## What to produce
Among the records that follow, how many lines contain the word "Refunds"? Give the number and no other words.
Start of Record excerpts
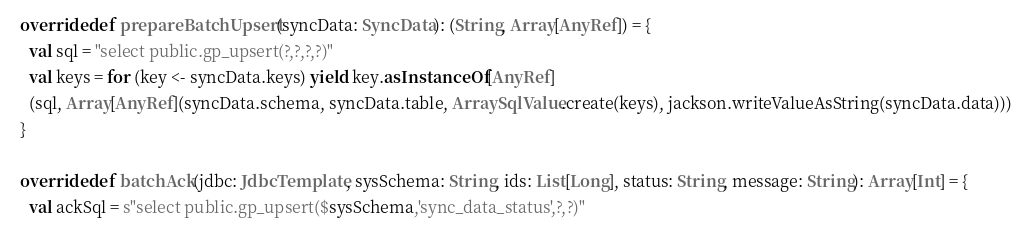Convert code to text. <code><loc_0><loc_0><loc_500><loc_500><_Scala_>
  override def prepareBatchUpsert(syncData: SyncData): (String, Array[AnyRef]) = {
    val sql = "select public.gp_upsert(?,?,?,?)"
    val keys = for (key <- syncData.keys) yield key.asInstanceOf[AnyRef]
    (sql, Array[AnyRef](syncData.schema, syncData.table, ArraySqlValue.create(keys), jackson.writeValueAsString(syncData.data)))
  }

  override def batchAck(jdbc: JdbcTemplate, sysSchema: String, ids: List[Long], status: String, message: String): Array[Int] = {
    val ackSql = s"select public.gp_upsert($sysSchema,'sync_data_status',?,?)"</code> 
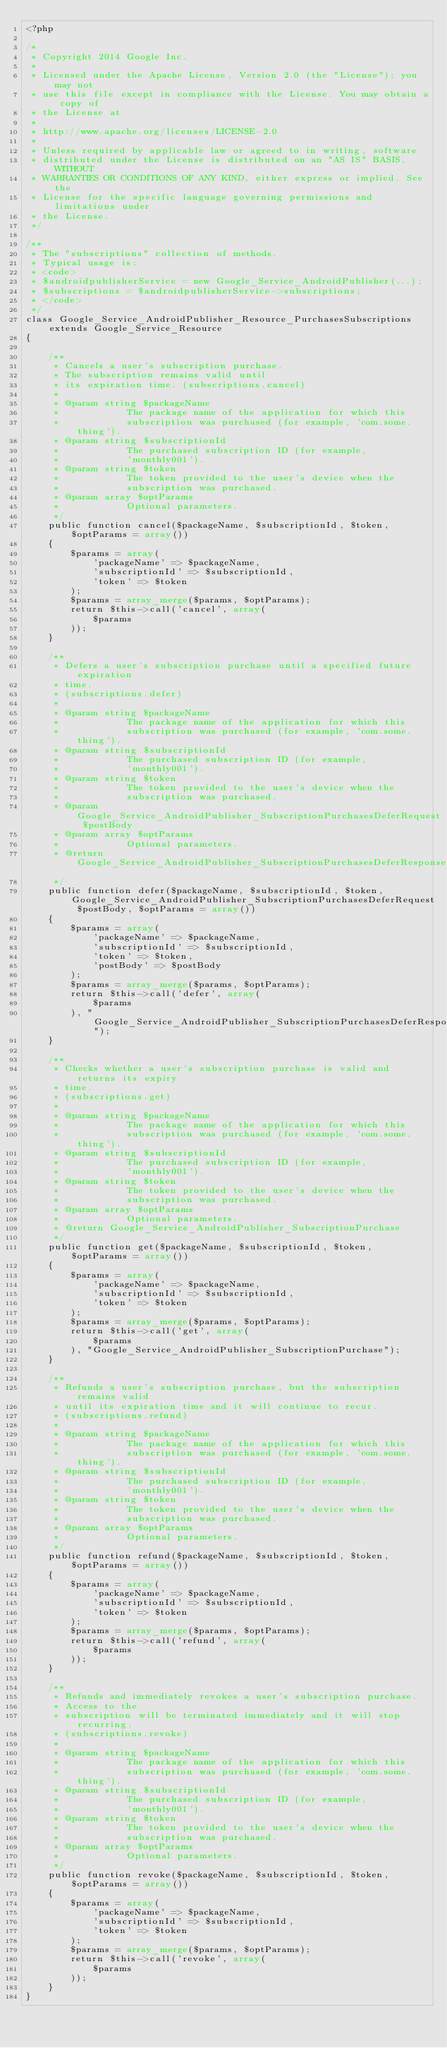<code> <loc_0><loc_0><loc_500><loc_500><_PHP_><?php

/*
 * Copyright 2014 Google Inc.
 *
 * Licensed under the Apache License, Version 2.0 (the "License"); you may not
 * use this file except in compliance with the License. You may obtain a copy of
 * the License at
 *
 * http://www.apache.org/licenses/LICENSE-2.0
 *
 * Unless required by applicable law or agreed to in writing, software
 * distributed under the License is distributed on an "AS IS" BASIS, WITHOUT
 * WARRANTIES OR CONDITIONS OF ANY KIND, either express or implied. See the
 * License for the specific language governing permissions and limitations under
 * the License.
 */

/**
 * The "subscriptions" collection of methods.
 * Typical usage is:
 * <code>
 * $androidpublisherService = new Google_Service_AndroidPublisher(...);
 * $subscriptions = $androidpublisherService->subscriptions;
 * </code>
 */
class Google_Service_AndroidPublisher_Resource_PurchasesSubscriptions extends Google_Service_Resource
{

    /**
     * Cancels a user's subscription purchase.
     * The subscription remains valid until
     * its expiration time. (subscriptions.cancel)
     *
     * @param string $packageName
     *            The package name of the application for which this
     *            subscription was purchased (for example, 'com.some.thing').
     * @param string $subscriptionId
     *            The purchased subscription ID (for example,
     *            'monthly001').
     * @param string $token
     *            The token provided to the user's device when the
     *            subscription was purchased.
     * @param array $optParams
     *            Optional parameters.
     */
    public function cancel($packageName, $subscriptionId, $token, $optParams = array())
    {
        $params = array(
            'packageName' => $packageName,
            'subscriptionId' => $subscriptionId,
            'token' => $token
        );
        $params = array_merge($params, $optParams);
        return $this->call('cancel', array(
            $params
        ));
    }

    /**
     * Defers a user's subscription purchase until a specified future expiration
     * time.
     * (subscriptions.defer)
     *
     * @param string $packageName
     *            The package name of the application for which this
     *            subscription was purchased (for example, 'com.some.thing').
     * @param string $subscriptionId
     *            The purchased subscription ID (for example,
     *            'monthly001').
     * @param string $token
     *            The token provided to the user's device when the
     *            subscription was purchased.
     * @param Google_Service_AndroidPublisher_SubscriptionPurchasesDeferRequest $postBody
     * @param array $optParams
     *            Optional parameters.
     * @return Google_Service_AndroidPublisher_SubscriptionPurchasesDeferResponse
     */
    public function defer($packageName, $subscriptionId, $token, Google_Service_AndroidPublisher_SubscriptionPurchasesDeferRequest $postBody, $optParams = array())
    {
        $params = array(
            'packageName' => $packageName,
            'subscriptionId' => $subscriptionId,
            'token' => $token,
            'postBody' => $postBody
        );
        $params = array_merge($params, $optParams);
        return $this->call('defer', array(
            $params
        ), "Google_Service_AndroidPublisher_SubscriptionPurchasesDeferResponse");
    }

    /**
     * Checks whether a user's subscription purchase is valid and returns its expiry
     * time.
     * (subscriptions.get)
     *
     * @param string $packageName
     *            The package name of the application for which this
     *            subscription was purchased (for example, 'com.some.thing').
     * @param string $subscriptionId
     *            The purchased subscription ID (for example,
     *            'monthly001').
     * @param string $token
     *            The token provided to the user's device when the
     *            subscription was purchased.
     * @param array $optParams
     *            Optional parameters.
     * @return Google_Service_AndroidPublisher_SubscriptionPurchase
     */
    public function get($packageName, $subscriptionId, $token, $optParams = array())
    {
        $params = array(
            'packageName' => $packageName,
            'subscriptionId' => $subscriptionId,
            'token' => $token
        );
        $params = array_merge($params, $optParams);
        return $this->call('get', array(
            $params
        ), "Google_Service_AndroidPublisher_SubscriptionPurchase");
    }

    /**
     * Refunds a user's subscription purchase, but the subscription remains valid
     * until its expiration time and it will continue to recur.
     * (subscriptions.refund)
     *
     * @param string $packageName
     *            The package name of the application for which this
     *            subscription was purchased (for example, 'com.some.thing').
     * @param string $subscriptionId
     *            The purchased subscription ID (for example,
     *            'monthly001').
     * @param string $token
     *            The token provided to the user's device when the
     *            subscription was purchased.
     * @param array $optParams
     *            Optional parameters.
     */
    public function refund($packageName, $subscriptionId, $token, $optParams = array())
    {
        $params = array(
            'packageName' => $packageName,
            'subscriptionId' => $subscriptionId,
            'token' => $token
        );
        $params = array_merge($params, $optParams);
        return $this->call('refund', array(
            $params
        ));
    }

    /**
     * Refunds and immediately revokes a user's subscription purchase.
     * Access to the
     * subscription will be terminated immediately and it will stop recurring.
     * (subscriptions.revoke)
     *
     * @param string $packageName
     *            The package name of the application for which this
     *            subscription was purchased (for example, 'com.some.thing').
     * @param string $subscriptionId
     *            The purchased subscription ID (for example,
     *            'monthly001').
     * @param string $token
     *            The token provided to the user's device when the
     *            subscription was purchased.
     * @param array $optParams
     *            Optional parameters.
     */
    public function revoke($packageName, $subscriptionId, $token, $optParams = array())
    {
        $params = array(
            'packageName' => $packageName,
            'subscriptionId' => $subscriptionId,
            'token' => $token
        );
        $params = array_merge($params, $optParams);
        return $this->call('revoke', array(
            $params
        ));
    }
}
</code> 
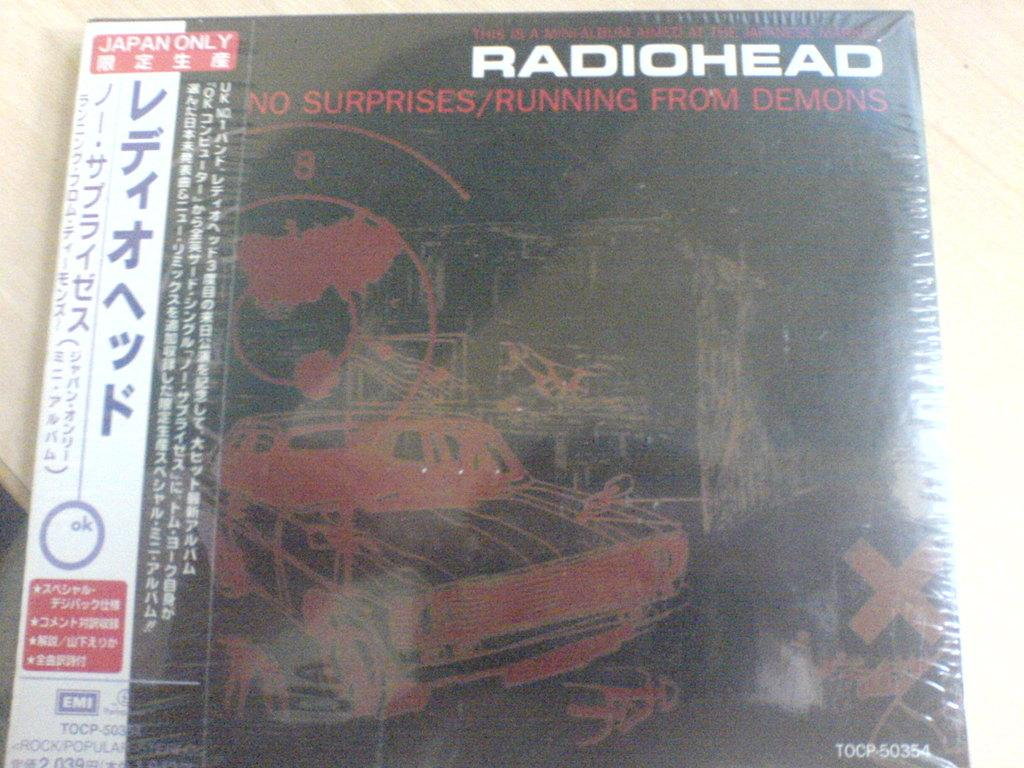Provide a one-sentence caption for the provided image. A Radiohead album called No Surprises/Running from Demons for Japan only. 
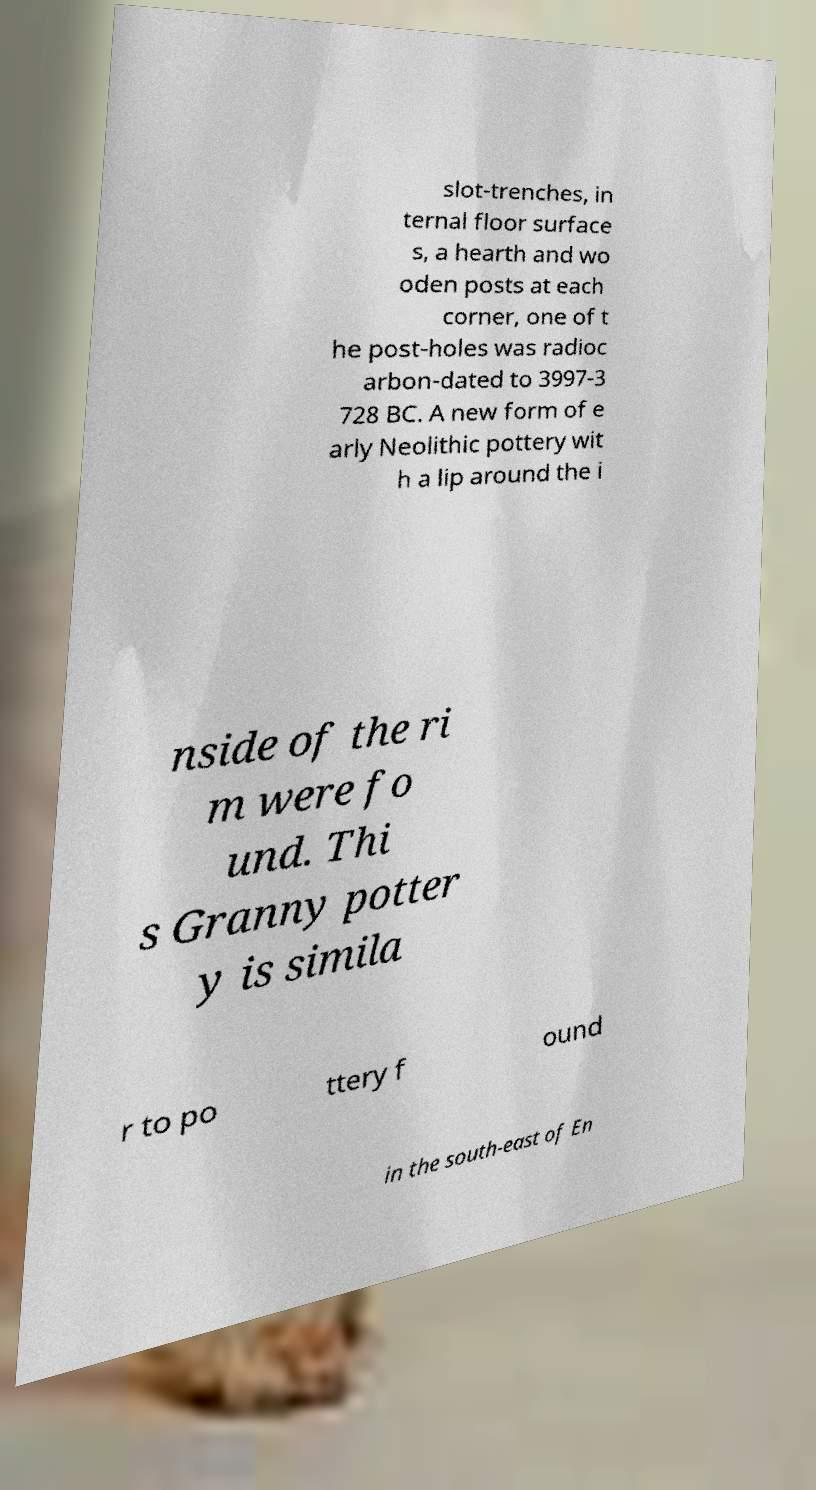What messages or text are displayed in this image? I need them in a readable, typed format. slot-trenches, in ternal floor surface s, a hearth and wo oden posts at each corner, one of t he post-holes was radioc arbon-dated to 3997-3 728 BC. A new form of e arly Neolithic pottery wit h a lip around the i nside of the ri m were fo und. Thi s Granny potter y is simila r to po ttery f ound in the south-east of En
End of Record excerpts
## Solution to the exercise
2